North America leads the market, accounting for the largest antisense & RNAi therapeutics market share
The report has also provided a comprehensive analysis of all the major regional markets, which include North America (the United States and Canada); Asia Pacific (China, Japan, India, South Korea, Australia, Indonesia, and others); Europe (Germany, France, the United Kingdom, Italy, Spain, Russia, and others); Latin America (Brazil, Mexico, and others); and the Middle East and Africa. According to the report, North America represents the largest regional market for antisense & RNAi therapeutics.

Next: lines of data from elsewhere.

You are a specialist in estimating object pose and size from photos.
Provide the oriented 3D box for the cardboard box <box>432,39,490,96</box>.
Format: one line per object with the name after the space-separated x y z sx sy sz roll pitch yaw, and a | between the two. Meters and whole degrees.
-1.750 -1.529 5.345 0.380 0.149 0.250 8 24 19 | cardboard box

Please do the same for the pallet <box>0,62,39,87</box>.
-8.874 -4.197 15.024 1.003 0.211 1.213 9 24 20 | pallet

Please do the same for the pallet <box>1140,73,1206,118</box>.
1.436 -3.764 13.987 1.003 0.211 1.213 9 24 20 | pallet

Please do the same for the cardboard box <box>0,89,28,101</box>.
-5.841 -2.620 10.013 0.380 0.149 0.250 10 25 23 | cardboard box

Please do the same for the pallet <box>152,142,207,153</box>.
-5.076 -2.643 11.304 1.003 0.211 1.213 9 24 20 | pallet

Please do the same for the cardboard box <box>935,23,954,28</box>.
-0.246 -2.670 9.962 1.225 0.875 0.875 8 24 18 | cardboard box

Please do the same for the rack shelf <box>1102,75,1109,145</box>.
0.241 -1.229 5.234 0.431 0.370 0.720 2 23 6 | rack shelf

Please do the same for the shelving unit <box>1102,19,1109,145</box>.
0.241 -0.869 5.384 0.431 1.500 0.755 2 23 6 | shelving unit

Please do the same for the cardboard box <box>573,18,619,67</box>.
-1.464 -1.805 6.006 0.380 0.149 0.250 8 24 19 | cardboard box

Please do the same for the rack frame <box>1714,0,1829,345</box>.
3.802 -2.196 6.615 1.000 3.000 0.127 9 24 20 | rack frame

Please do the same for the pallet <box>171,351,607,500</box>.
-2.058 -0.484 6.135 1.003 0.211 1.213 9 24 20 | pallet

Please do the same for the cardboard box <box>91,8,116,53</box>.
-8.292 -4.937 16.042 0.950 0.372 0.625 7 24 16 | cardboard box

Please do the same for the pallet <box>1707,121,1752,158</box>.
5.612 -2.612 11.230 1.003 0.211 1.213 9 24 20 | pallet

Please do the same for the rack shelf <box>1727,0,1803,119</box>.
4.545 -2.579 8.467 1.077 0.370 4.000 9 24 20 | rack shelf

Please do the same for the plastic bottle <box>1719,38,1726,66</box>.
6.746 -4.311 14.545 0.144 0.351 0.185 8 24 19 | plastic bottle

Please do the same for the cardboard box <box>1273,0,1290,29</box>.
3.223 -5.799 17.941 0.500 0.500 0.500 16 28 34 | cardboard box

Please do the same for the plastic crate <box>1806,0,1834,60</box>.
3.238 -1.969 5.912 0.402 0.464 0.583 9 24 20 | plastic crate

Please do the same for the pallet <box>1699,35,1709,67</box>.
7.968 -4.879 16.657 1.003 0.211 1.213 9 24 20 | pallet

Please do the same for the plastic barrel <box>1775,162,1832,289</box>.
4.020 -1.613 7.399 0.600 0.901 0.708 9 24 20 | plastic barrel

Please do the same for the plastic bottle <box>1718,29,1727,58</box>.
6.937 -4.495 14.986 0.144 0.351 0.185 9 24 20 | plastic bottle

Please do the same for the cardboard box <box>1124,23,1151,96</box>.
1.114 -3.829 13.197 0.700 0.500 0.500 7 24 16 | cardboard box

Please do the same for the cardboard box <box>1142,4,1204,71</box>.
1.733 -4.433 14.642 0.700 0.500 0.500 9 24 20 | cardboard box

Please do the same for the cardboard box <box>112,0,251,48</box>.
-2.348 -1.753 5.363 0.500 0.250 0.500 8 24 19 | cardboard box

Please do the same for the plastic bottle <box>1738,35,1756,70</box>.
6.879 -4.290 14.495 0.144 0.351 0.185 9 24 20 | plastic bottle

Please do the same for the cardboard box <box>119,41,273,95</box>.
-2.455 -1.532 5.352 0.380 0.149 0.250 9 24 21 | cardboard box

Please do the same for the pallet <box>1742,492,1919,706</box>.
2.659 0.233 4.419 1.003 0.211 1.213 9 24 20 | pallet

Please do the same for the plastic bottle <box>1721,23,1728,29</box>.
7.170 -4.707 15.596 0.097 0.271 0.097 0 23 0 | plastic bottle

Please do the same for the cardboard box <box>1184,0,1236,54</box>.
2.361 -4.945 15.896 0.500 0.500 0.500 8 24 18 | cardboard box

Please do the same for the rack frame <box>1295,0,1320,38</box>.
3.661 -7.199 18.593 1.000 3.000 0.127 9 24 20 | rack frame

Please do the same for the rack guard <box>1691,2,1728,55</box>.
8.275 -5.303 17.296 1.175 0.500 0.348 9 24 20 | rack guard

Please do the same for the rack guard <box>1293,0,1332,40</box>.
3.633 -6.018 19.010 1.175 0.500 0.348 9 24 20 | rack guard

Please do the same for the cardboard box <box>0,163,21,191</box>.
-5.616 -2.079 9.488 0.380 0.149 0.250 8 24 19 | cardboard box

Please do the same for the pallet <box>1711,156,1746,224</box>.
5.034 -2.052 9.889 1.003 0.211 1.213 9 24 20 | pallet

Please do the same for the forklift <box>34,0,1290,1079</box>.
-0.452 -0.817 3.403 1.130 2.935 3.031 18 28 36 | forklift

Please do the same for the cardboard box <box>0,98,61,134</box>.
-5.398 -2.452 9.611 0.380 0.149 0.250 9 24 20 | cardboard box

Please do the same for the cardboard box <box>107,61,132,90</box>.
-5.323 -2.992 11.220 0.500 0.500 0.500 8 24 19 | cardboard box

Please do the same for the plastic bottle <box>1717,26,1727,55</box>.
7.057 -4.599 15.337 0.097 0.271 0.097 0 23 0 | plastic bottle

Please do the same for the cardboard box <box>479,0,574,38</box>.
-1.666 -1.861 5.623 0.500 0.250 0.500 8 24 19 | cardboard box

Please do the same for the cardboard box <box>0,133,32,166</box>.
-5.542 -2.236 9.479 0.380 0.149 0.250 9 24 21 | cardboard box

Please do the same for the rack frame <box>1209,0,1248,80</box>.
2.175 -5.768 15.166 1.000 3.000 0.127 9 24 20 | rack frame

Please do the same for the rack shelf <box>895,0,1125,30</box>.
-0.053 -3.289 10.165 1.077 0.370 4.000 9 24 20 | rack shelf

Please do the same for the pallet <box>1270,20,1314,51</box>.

North America is the largest regional segment in the Antisense & RNAi therapeutics market. This prominence is primarily due to the region's mature biotechnological and pharmaceutical research infrastructure. Additionally, unprecedented support from various national governments and other global health organizations has created a conducive environment for research and the advanced development required to progress antisense and RNAi therapy platforms. According to the antisense & RNAi therapeutics market analysis, the presence of several leading biotech and pharmaceutical companies in the region, which has created fierce competition and promoting innovation, has accelerated development opportunities as well as product launch. Additionally, North America's proactive regulatory environment, the exceptional participation of the FDA, which has fast-tracked many RNA-based drugs for several genetic and chronic disease conditions, supports the RNA based therapeutics market. Moreover, the high prevalence of target diseases, including cancer and genetic disorders, in the region creates antisense & RNAi therapeutics demand. Thus, North America leads the Antisense & RNAi Therapeutics market, as a dominant player in technology development and also as the primary market for RNA-based therapeutic products.
The market research report has also provided a comprehensive analysis of the competitive landscape in the market. Detailed profiles of all major companies have also been provided. Some of the major market players in the antisense & RNAi therapeutics industry include:
The major players in the market are increasingly involved in research and development to diversify their genetic therapy portfolios. They are actively engaging in strategic partnerships, taking over small biotech companies, or collaborating with academic institutions and R&D centers to capitalize on emerging and disruptive technologies and fast-track drug development. In confluence with this, considering the high costs and development risks, companies make significant investments in clinical trials to guarantee their effectiveness and safety in a wider applications portfolio, especially in AlNM diseases. Collaboration with the regulatory bodies enhances the companies' competitive performance and guides them along the way to bring new drugs faster. This initiative is vital for creating competitive advantages and a positive antisense & RNAi therapeutics market outlook.